= Beginning of Section =

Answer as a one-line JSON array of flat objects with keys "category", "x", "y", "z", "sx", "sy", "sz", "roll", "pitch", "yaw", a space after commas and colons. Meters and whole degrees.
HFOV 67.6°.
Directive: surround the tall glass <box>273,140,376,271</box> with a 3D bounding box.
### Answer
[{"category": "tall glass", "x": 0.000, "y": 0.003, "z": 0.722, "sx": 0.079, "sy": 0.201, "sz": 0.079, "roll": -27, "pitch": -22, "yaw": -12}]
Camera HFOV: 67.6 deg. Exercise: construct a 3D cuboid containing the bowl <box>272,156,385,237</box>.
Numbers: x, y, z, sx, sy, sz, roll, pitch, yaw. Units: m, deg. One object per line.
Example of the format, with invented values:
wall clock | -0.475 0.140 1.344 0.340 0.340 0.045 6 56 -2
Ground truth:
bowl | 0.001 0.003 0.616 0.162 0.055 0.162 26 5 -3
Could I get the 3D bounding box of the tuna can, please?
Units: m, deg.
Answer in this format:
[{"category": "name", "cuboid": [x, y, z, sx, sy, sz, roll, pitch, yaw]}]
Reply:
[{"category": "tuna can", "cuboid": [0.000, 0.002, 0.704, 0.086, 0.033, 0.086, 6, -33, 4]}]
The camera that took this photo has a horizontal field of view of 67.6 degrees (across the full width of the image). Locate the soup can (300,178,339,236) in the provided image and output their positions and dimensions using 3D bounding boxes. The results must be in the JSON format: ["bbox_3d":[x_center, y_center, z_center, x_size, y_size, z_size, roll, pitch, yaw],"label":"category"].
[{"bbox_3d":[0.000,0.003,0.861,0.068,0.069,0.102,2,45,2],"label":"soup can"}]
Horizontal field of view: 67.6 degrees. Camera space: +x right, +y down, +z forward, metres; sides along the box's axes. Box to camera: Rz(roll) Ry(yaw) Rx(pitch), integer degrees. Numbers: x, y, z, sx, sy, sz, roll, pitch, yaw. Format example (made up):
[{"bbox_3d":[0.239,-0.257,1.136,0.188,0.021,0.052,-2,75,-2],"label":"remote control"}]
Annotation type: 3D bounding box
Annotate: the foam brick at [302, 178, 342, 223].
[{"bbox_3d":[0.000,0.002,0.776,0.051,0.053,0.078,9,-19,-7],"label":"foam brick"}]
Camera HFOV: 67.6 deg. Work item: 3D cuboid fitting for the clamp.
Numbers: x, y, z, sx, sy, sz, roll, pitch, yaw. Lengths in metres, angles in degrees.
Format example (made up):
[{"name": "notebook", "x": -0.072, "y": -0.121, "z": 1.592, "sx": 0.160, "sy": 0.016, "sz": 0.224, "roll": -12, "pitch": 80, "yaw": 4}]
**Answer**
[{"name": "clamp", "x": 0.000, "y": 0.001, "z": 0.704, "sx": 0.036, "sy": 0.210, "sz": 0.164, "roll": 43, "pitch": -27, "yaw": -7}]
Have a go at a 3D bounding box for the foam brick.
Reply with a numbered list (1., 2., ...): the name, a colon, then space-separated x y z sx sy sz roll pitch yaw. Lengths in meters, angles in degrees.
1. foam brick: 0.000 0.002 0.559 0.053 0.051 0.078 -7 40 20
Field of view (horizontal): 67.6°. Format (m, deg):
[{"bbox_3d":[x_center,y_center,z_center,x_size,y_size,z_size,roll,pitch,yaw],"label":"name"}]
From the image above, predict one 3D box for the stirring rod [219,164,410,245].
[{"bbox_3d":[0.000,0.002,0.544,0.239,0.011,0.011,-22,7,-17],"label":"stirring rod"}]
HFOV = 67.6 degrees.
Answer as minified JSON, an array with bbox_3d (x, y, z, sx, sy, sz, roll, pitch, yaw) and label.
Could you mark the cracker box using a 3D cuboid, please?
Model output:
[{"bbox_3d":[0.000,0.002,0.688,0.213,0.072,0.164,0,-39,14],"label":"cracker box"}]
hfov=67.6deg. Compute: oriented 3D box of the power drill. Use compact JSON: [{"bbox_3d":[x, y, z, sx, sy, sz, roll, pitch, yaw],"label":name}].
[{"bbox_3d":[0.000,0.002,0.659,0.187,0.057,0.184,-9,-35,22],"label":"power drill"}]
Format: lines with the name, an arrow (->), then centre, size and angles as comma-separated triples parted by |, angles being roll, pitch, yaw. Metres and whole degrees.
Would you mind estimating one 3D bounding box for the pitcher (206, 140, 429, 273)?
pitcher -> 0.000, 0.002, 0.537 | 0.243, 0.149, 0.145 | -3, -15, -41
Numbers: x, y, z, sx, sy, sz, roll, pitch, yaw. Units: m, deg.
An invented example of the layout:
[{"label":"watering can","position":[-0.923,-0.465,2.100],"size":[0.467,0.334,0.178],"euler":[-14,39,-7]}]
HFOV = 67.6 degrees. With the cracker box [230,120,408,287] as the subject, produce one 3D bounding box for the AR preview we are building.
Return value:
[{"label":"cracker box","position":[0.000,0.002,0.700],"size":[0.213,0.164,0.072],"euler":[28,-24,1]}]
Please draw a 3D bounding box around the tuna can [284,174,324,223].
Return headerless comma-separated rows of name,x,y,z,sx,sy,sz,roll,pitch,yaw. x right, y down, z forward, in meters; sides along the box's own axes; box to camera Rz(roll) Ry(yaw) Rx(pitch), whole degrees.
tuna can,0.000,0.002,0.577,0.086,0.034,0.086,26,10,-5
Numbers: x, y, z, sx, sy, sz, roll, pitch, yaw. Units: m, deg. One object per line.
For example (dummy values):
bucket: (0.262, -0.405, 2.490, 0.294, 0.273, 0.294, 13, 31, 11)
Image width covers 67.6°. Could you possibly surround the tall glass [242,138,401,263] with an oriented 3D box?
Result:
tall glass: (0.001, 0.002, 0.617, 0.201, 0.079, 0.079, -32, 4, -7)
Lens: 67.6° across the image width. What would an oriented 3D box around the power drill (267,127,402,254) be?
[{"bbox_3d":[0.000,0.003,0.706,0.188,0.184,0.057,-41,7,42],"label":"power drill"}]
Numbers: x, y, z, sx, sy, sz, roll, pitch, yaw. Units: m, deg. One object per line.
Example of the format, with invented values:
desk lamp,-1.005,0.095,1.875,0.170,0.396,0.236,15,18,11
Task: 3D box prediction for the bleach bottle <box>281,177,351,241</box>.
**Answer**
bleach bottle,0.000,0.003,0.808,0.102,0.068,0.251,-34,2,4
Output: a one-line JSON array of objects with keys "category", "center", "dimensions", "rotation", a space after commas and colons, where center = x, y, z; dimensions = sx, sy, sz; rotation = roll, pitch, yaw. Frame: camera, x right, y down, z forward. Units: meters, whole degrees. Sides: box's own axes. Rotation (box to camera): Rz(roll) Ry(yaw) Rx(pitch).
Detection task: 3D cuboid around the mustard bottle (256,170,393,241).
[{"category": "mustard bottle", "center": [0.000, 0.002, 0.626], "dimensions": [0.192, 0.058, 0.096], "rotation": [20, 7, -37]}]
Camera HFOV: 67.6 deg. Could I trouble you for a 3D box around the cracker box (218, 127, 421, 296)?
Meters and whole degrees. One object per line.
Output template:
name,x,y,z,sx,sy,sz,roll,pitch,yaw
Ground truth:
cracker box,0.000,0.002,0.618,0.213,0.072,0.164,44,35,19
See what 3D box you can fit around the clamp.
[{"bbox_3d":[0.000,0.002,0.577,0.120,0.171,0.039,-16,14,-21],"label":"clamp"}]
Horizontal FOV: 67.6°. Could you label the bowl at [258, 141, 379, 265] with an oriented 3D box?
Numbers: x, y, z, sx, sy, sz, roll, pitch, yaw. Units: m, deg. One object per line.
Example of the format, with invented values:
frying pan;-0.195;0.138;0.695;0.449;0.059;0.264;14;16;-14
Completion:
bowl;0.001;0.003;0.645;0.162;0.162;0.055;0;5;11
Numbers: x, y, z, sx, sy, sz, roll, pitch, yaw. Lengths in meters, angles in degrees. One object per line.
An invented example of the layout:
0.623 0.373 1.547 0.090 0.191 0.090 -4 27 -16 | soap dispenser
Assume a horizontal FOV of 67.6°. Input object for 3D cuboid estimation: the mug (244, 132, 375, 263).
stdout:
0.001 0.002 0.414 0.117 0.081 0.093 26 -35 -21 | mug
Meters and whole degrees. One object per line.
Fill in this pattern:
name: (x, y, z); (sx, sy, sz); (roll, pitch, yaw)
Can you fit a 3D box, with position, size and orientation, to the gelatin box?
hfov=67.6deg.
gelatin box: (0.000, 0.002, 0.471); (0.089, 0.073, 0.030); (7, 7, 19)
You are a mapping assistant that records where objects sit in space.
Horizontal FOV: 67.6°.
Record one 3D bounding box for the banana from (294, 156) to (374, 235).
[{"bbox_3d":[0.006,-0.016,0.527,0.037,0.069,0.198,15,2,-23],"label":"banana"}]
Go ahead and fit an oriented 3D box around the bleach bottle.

= End of Section =

• TASK INSTRUCTIONS: Return all lines in the data that include the word "after".

• YOUR SOLUTION:
Answer as a one-line JSON array of flat objects with keys "category", "x", "y", "z", "sx", "sy", "sz", "roll", "pitch", "yaw", a space after commas and colons. Meters and whole degrees.
Output: a one-line JSON array of objects with keys "category", "center", "dimensions", "rotation", a space after commas and colons, where center = x, y, z; dimensions = sx, sy, sz; rotation = roll, pitch, yaw. Frame: camera, x right, y down, z forward. Units: meters, whole degrees. Sides: box's own axes. Rotation (box to camera): Rz(roll) Ry(yaw) Rx(pitch).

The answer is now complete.